Part One is a meticulous description, with a scientist’s precision, of the Drancy camp throughout its existence.

Part Two is a personal and emotional description of several people whom George befriended in the camps, from prominent individuals much older than he was at that time to teenagers whom he helped to survive at amazing risk to himself and self-sacrifice that might be expected towards one’s own sons. It takes the reader to Auschwitz and the death march to Buchenwald after its liquidation. Although the book is entitled “From Drancy to Auschwitz” it was Buchenwald where George was liberated by the Americans.

From the translator

George did not talk much about his captivity, even many years later when we first met in Moscow in 1960. His wife Anna mentioned that when he returned home from Buchenwald he spent weeks in bed, facing the wall. And yet, this book was published in 1946. It means that he wrote it very soon after regaining his physical and emotional strength. Even if he managed to keep notes in the camps, in his microscopic handwriting that amazed me in his letters, he must have made good use of the obsessive German record-keeping to produce all the dates and numbers of deportees that the reader found in this book.

He published several other books about the Holocaust, but this one was never translated. Until now. A group of enthusiasts decided to dedicate its Russian and English translations to the memory of those who perished, and those who survived against all odds, so that the younger generation can learn about the Nazi persecution of the Jews from a firsthand account at a time when anti-Semitism is raising its ugly head in so many countries that should know better.

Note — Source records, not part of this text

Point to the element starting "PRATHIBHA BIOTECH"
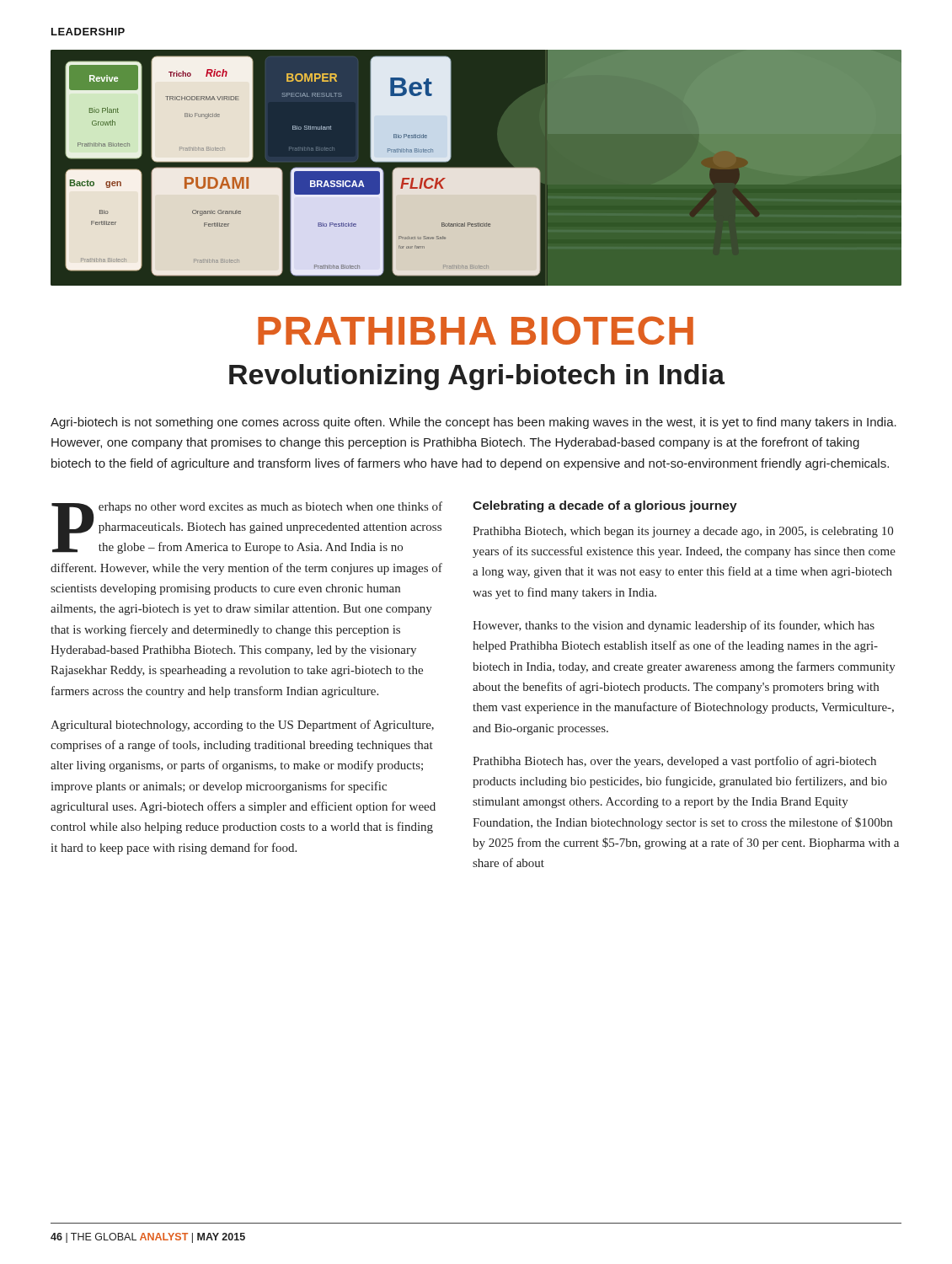 tap(476, 332)
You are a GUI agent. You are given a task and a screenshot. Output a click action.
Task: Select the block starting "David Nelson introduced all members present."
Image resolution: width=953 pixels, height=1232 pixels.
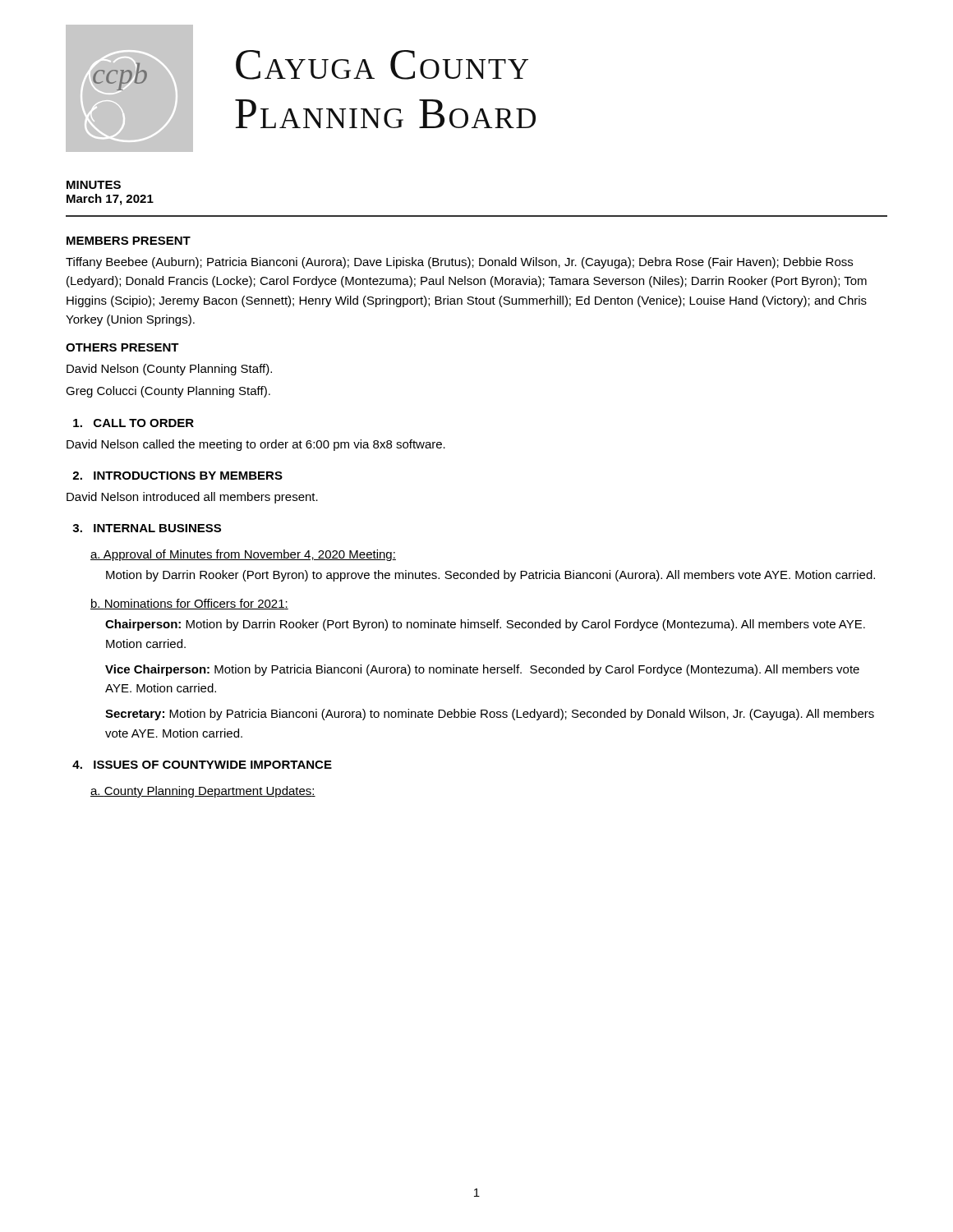point(192,498)
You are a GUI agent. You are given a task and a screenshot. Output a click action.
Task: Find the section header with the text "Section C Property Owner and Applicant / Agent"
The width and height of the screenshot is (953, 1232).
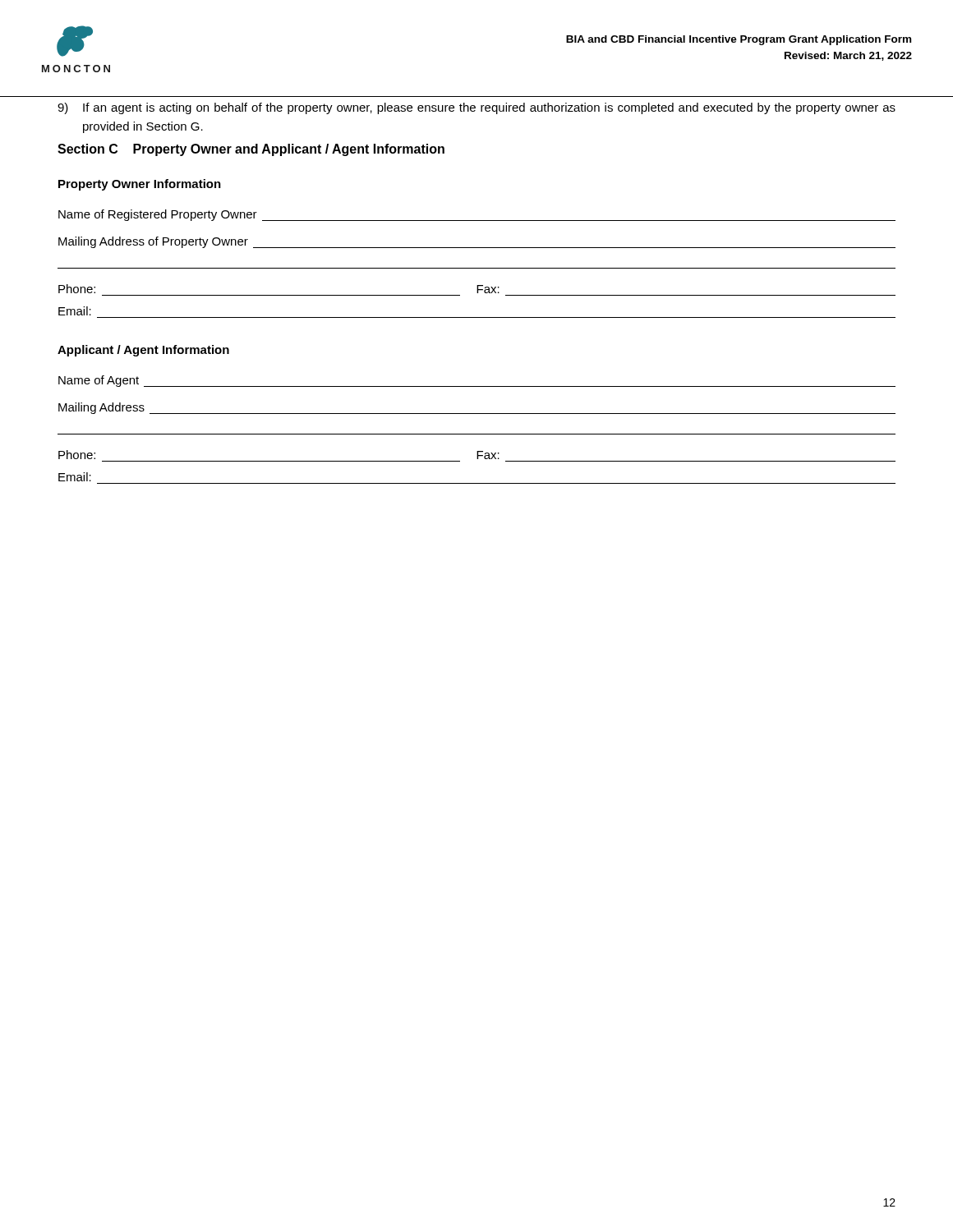[x=251, y=149]

George’s older siblings in Moscow did not know that he survived the war. My father died almost two years before his first letter arrived during the Khrushchev “thaw”— during the war no correspondence with foreign countries was allowed at all, and for many years after the war was very restricted and perlustrated by the KGB, and George realized that a letter from him would damage his siblings’ reputation.

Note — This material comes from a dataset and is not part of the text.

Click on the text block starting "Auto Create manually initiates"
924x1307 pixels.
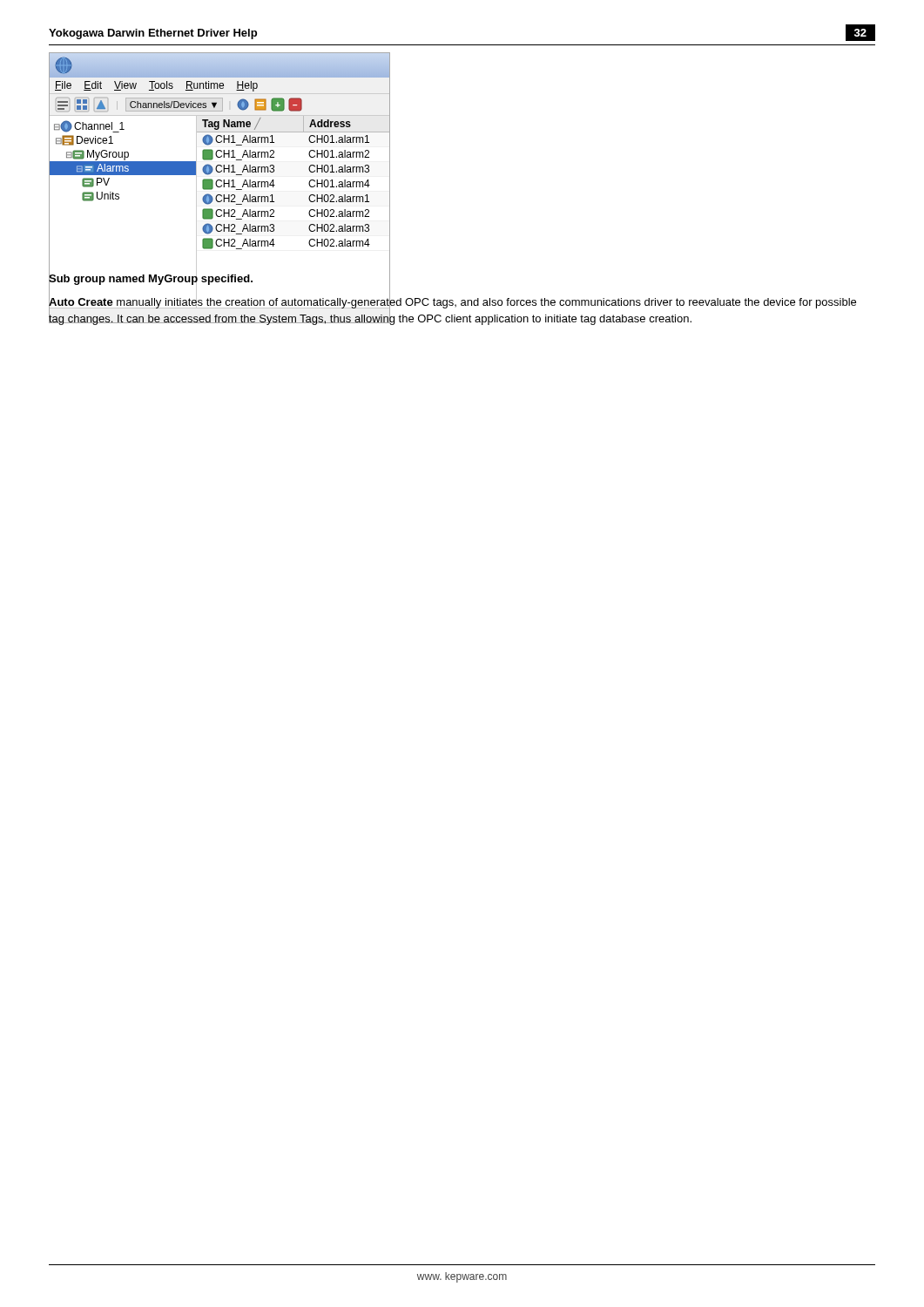click(453, 310)
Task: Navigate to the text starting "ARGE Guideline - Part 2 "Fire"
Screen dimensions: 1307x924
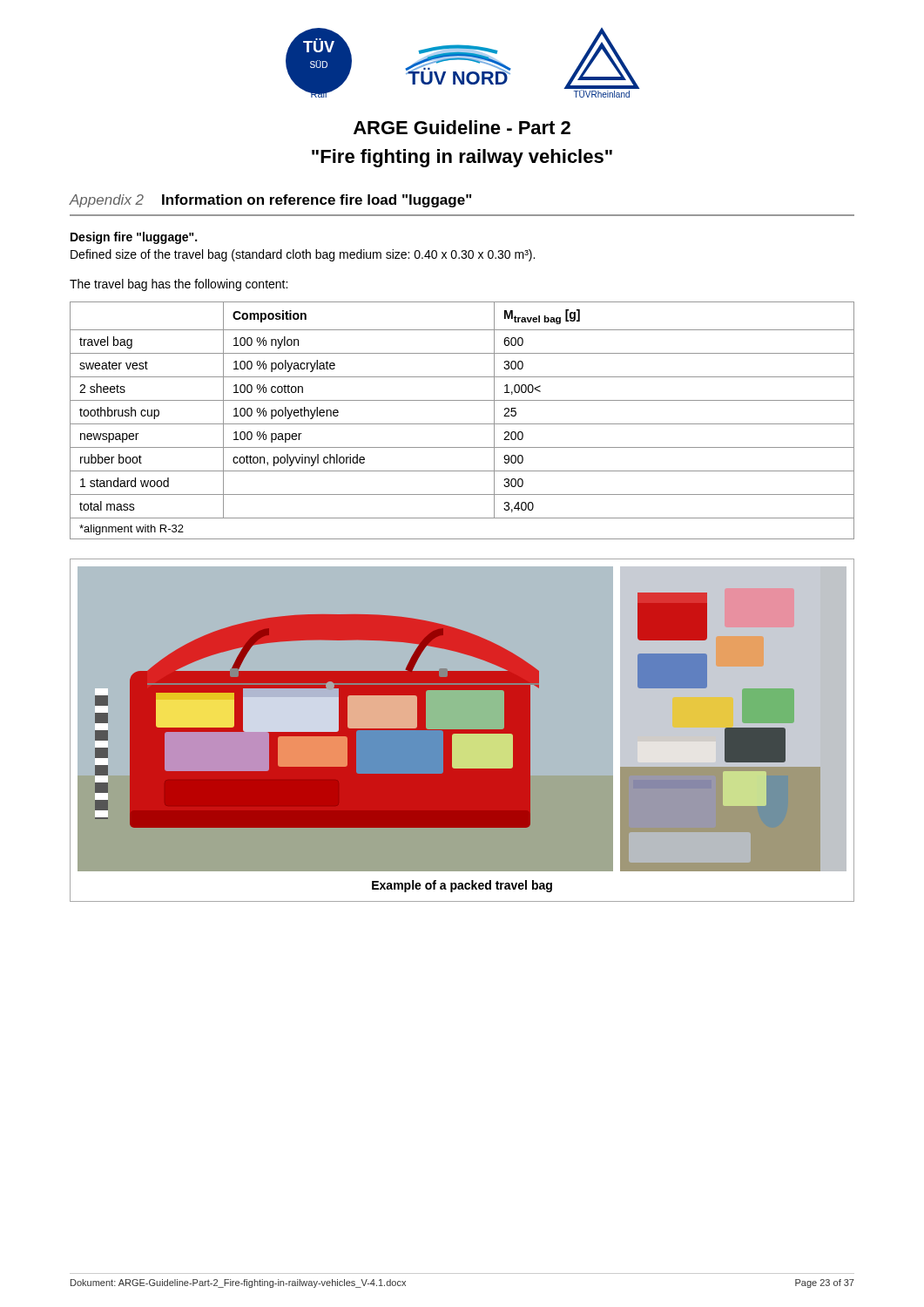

Despite all the deprivations during his captivity, George lived a long a productive life. He died in Paris in 1991 at the age of 86. He excelled in a prominent scientific career, was awarded the Legion of Honor rosette as its Officer, was Vice-President of the Association of Nazi-camp survivors of France.

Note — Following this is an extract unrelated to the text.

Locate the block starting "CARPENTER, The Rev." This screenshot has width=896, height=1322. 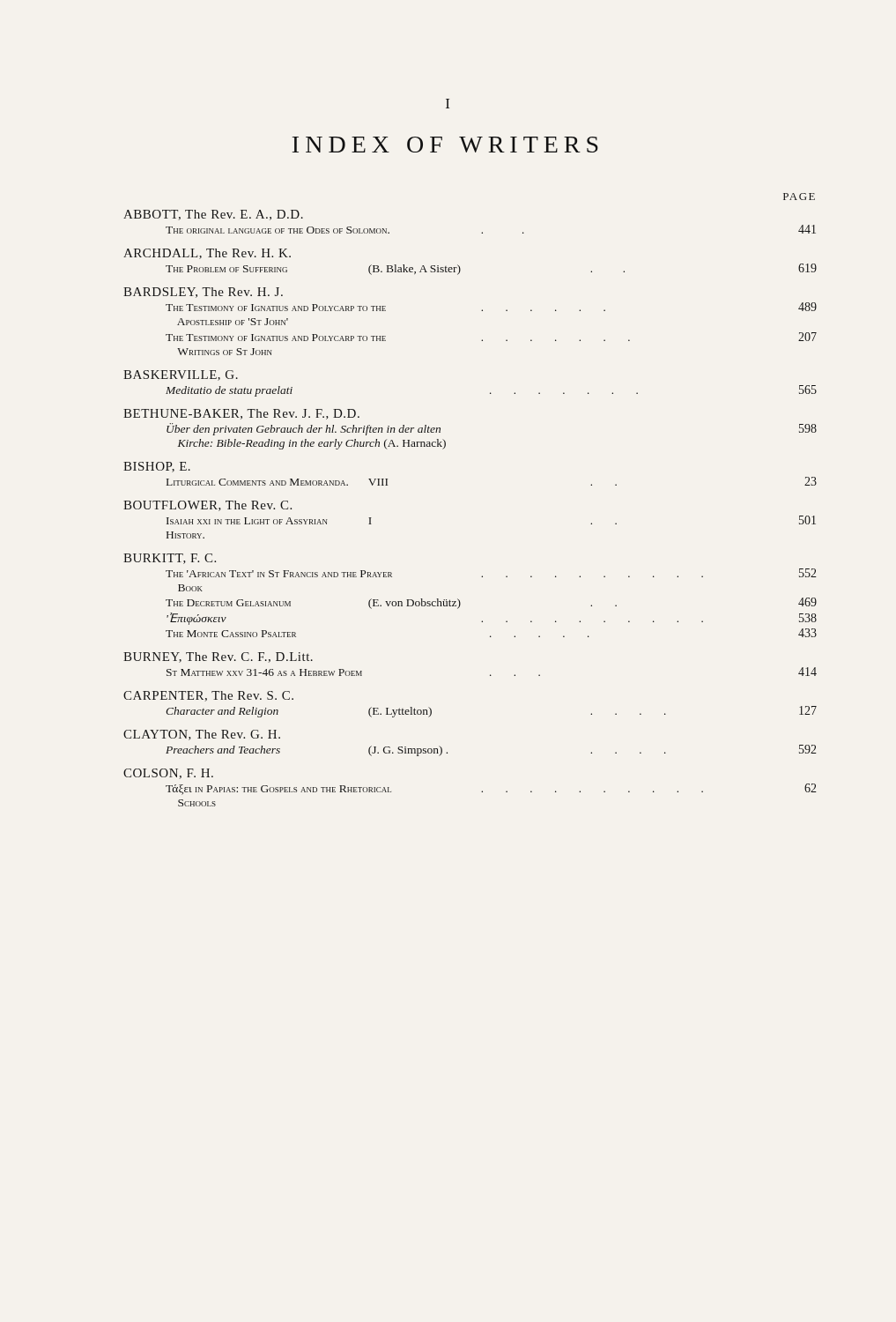click(x=208, y=696)
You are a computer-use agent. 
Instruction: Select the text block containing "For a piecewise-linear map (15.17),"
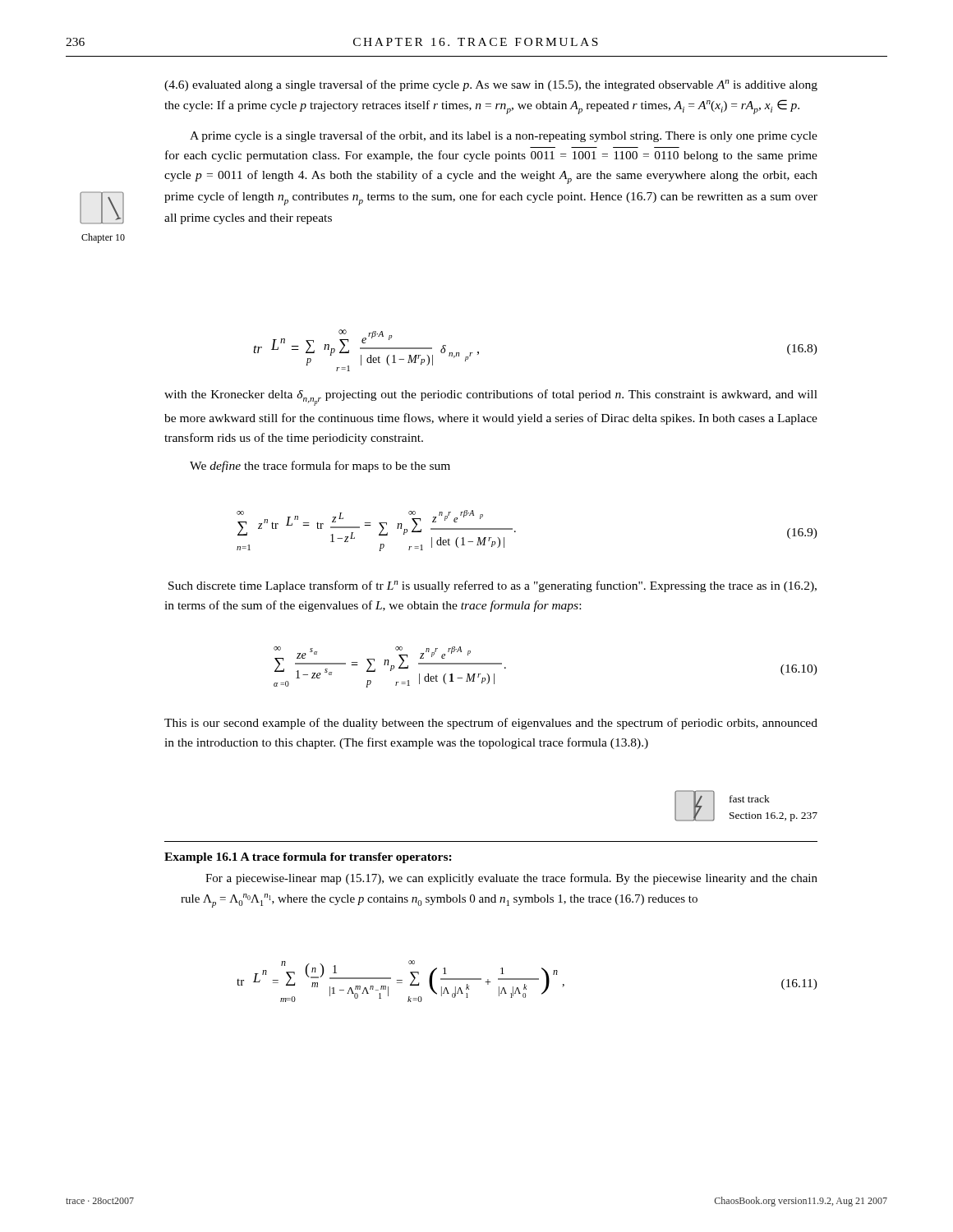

He was the only French witness at the Eichmann trial in Israel. Transcripts of his three hours of testimony about the deportation of children are available on the Internet and you can see also video of his testimony (in French with English translation from about 6th min to 35th min).

Olga Weller-Lifson

About the author

Georges WellersGeorges Wellers was born in Russia in 1905 (The “s” was added to the name to allow the French to pronounce it correctly, not like Wellé).

How he ended up in France needs some explanation. After the Bolshevik revolution of 1917 their father’s little “nuts and bolts” factory was expropriated by the proletarian state. Since the father had earned his chemical engineering degree from Riga University and had dual Latvian and Russian citizenship, in 1922, when the USSR was formed and Latvia was an independent state, he was ordered to leave Russia with his family. George and his younger sister Rachel were still minors, and thus had to leave with their parents, while my father, his two other brothers and a sister were adults and stayed behind. The parents and George did not want to leave, but in 1925 they found themselves in Riga.

Like nowadays, Latvia did not recognize George’s degree in biology from a Russian University and required he take all his graduation exams again, and in Latvian… which he did not speak. It meant he could not find any work in his field there. Even though the Jewish leaders in Riga promised to do everything possible to help the grandson of Rabbi Weller, a holy man and well-known Talmudic scholar, all George could do was load/unload ships in the port of Riga.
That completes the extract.